When updating active services, provide the decryption tokens for the required lockers:

ozwald update_dynamic_services --token api-keys=my-secret-token "my-service[default][nvidia]"

Secrets are decrypted at runtime, written to a temporary env-file on the host, and injected into the container. The temporary file is deleted immediately after the container starts.

CLI usage

The ozwald command handles local development and inspection:

  • start_provisioner: Start local provisioner network and containers.
  • stop_provisioner: Stop provisioner containers.
  • status: Check provisioner health.
  • list_active_services: See what's currently running.
  • list_configured_services: See list of configured services.
  • show_host_resources: Inspect CPU/RAM/GPU/VRAM.
  • update_services: Update the desired set of services.
  • footprint_services: Measure resource consumption of configured services.
  • get_footprint_logs: Show footprint logs.
  • get_service_launch_logs: Show service launch logs.
  • get_service_logs: Show service logs.

Example:

ozwald start_provisioner
ozwald status
ozwald stop_provisioner

Provisioner API

All non-health endpoints require a bearer token: Authorization: Bearer <OZWALD_SYSTEM_KEY>

  • GET /health: Basic health check (no auth required).
  • GET /srv/services/active/: List services currently active or transitioning.
  • POST /srv/services/active/update/: Update the desired set of services.
  • GET /srv/host/resources: Structured summary of CPU, RAM, GPU, and VRAM.
  • POST /srv/services/footprint: Queue a footprinting request.

Example:

curl -H "Authorization: Bearer $OZWALD_SYSTEM_KEY" \
  http://127.0.0.1:8000/srv/services/active/

Roadmap

The provisioner is the first building block.
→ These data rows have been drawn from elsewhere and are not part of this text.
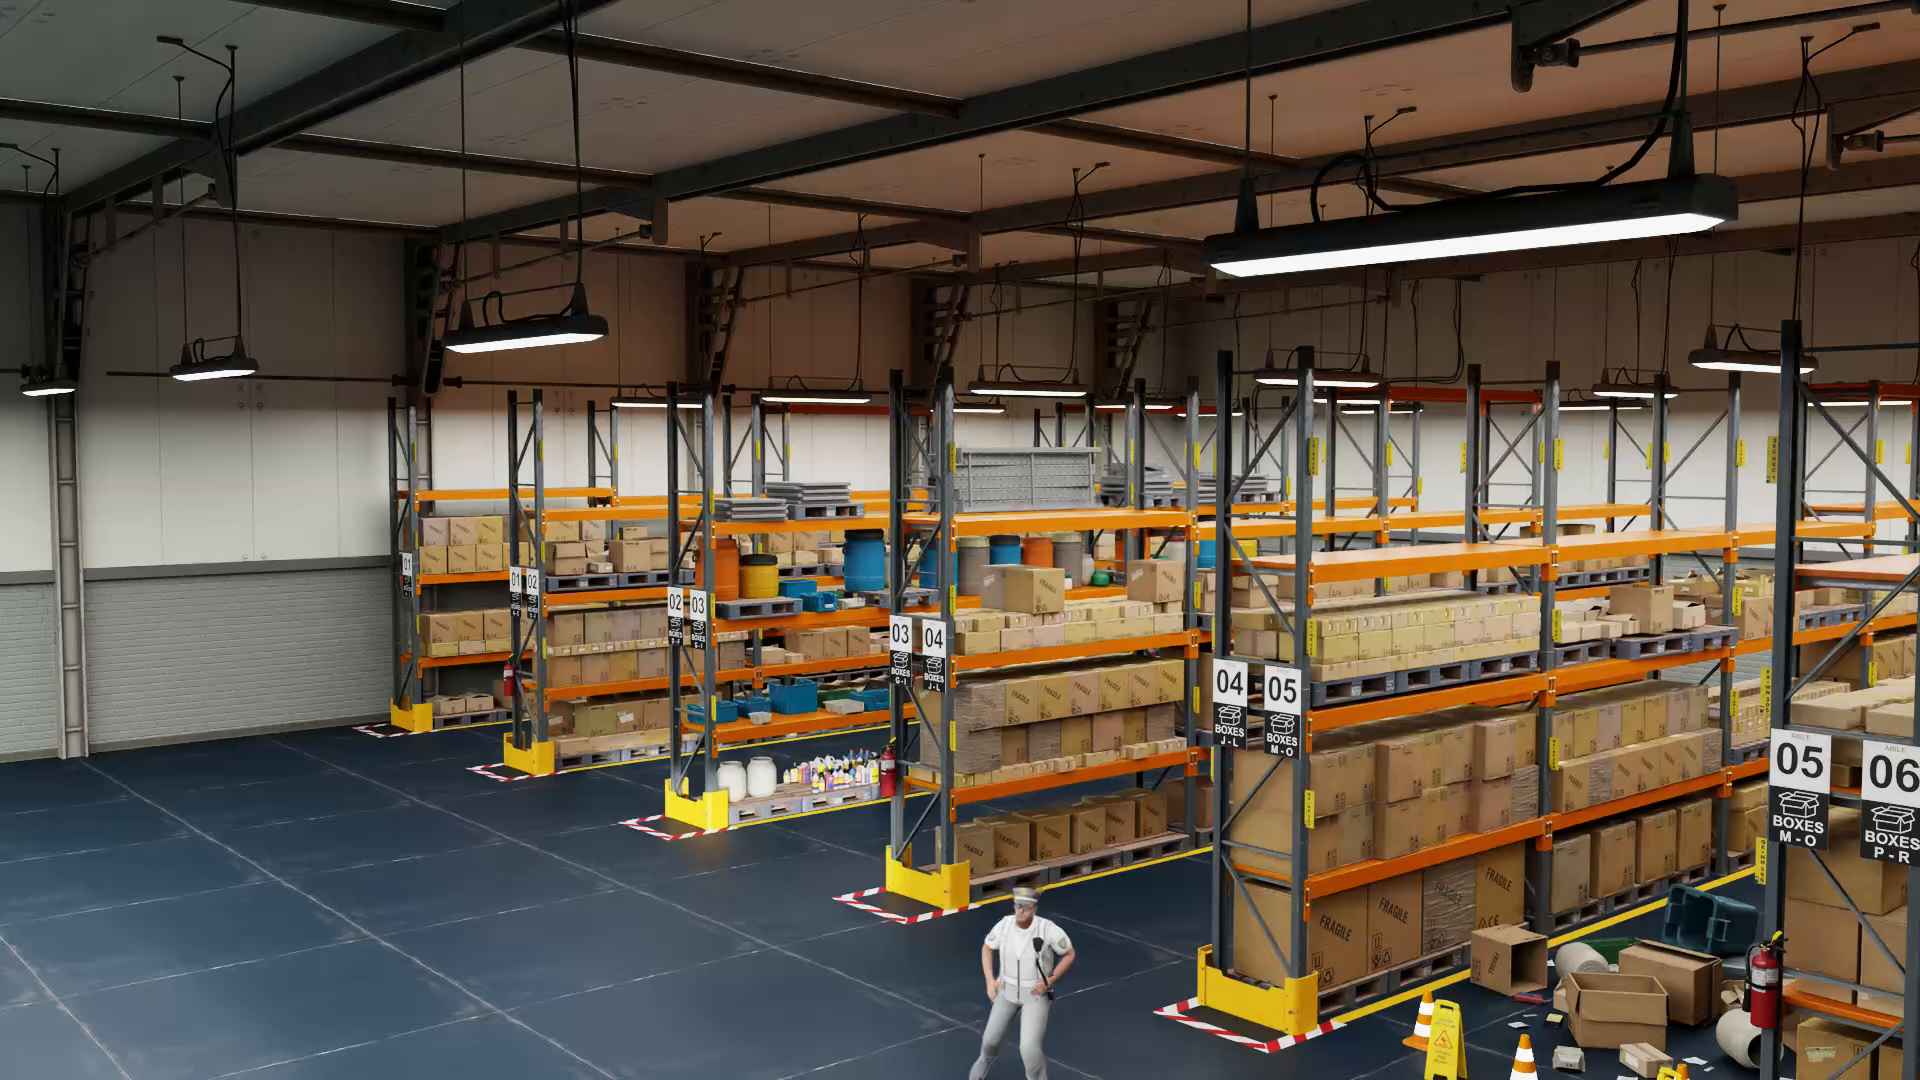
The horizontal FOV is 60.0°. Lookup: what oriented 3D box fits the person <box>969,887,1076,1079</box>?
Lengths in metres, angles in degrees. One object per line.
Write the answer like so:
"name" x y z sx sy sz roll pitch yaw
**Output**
"person" 0.456 3.558 13.017 0.897 1.788 0.736 1 3 16
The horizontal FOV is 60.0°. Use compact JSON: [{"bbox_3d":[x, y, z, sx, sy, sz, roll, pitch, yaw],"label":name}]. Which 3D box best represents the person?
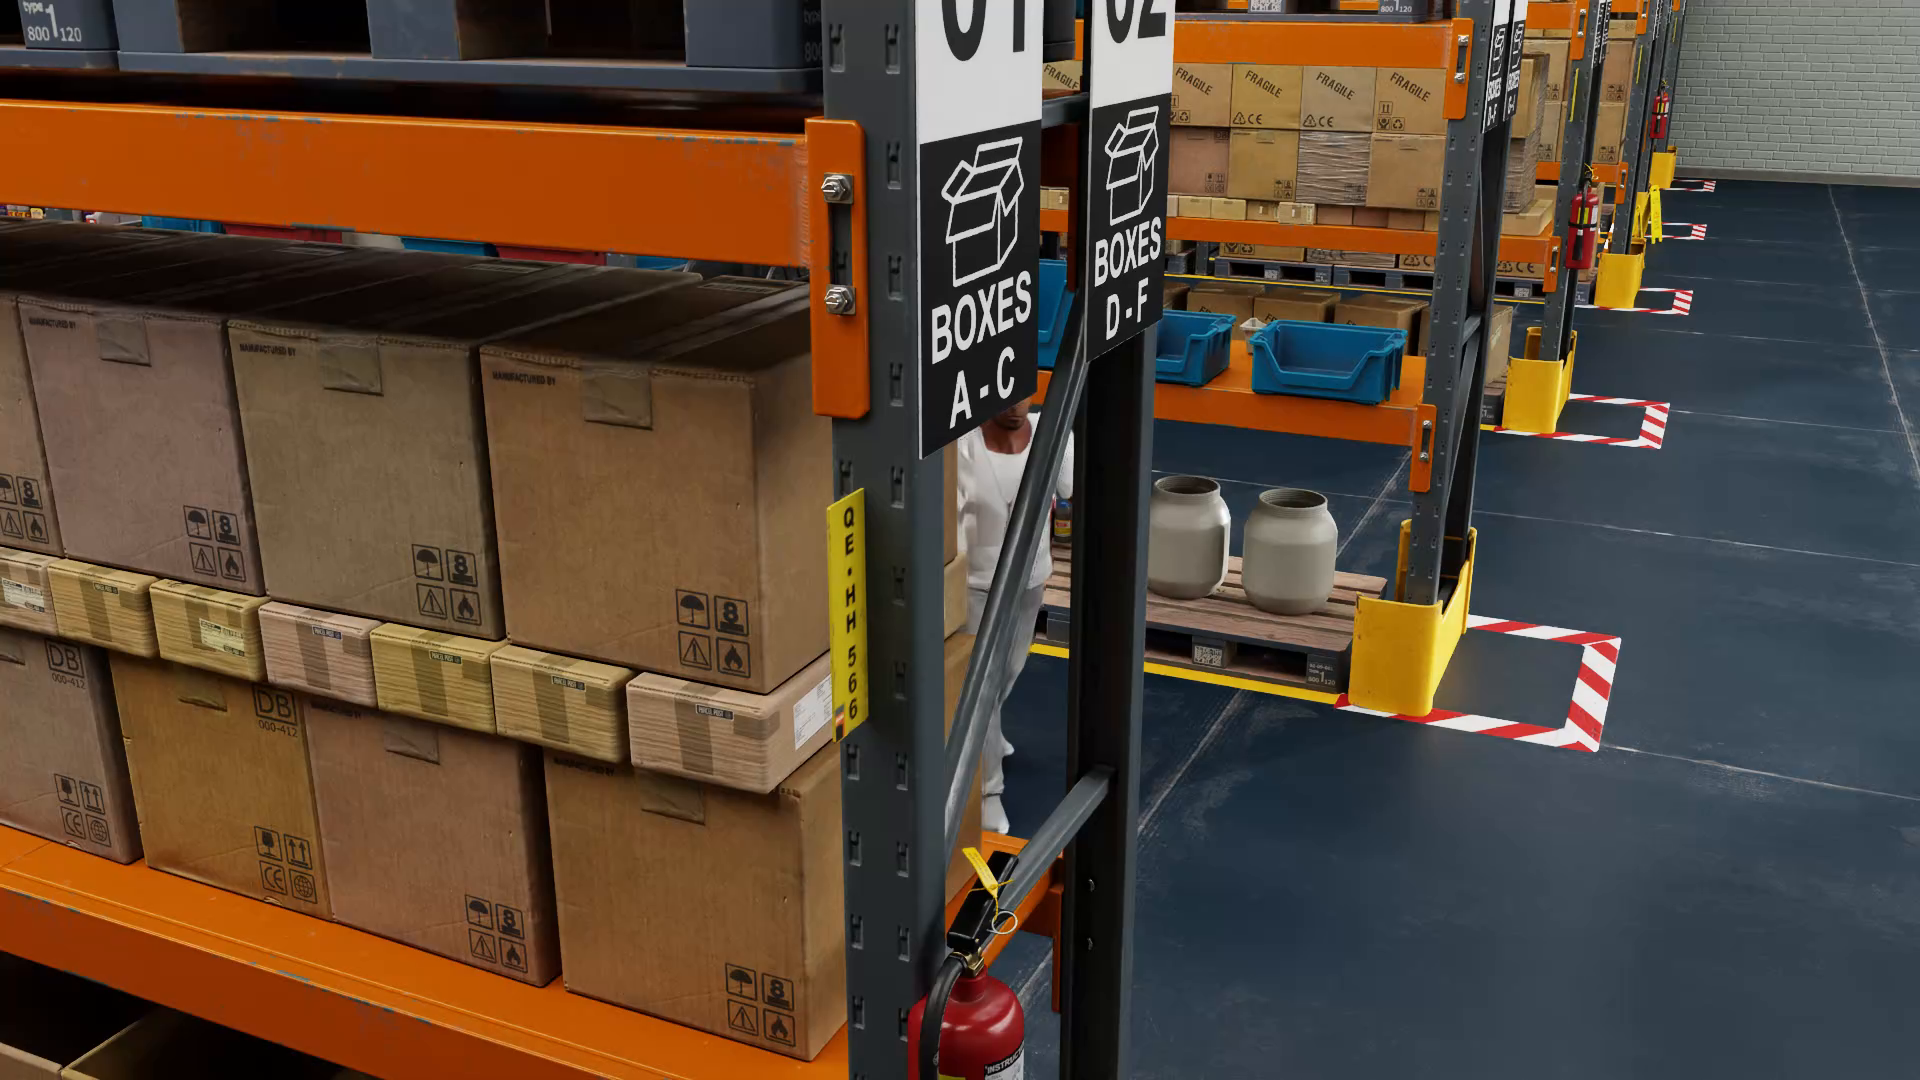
[{"bbox_3d":[0.131,0.124,6.116,0.719,1.748,0.840,-6,20,-17],"label":"person"}]

The compass needle is pointing toward filling the void between LLM-consumer and LLM-enabled service:

  • Multi-host Orchestration: Coordinating multiple provisioners.
  • AI Pipelines: Composable services for ingest, chunking, and indexing.
  • Declarative Ops: Dry-run planning and explainers for service changes.

License & Contributing

Ozwald is open source, designed for adoption while keeping the core free.

  1. The Core (AGPLv3): The Ozwald engine, orchestrator, and provisioner.
  2. Your Apps (Apache 2.0): Client SDKs and public interfaces. Build your proprietary apps without fear of being forced to open source them.
  3. Contributing: Requires a signed CLA to ensure sustainability.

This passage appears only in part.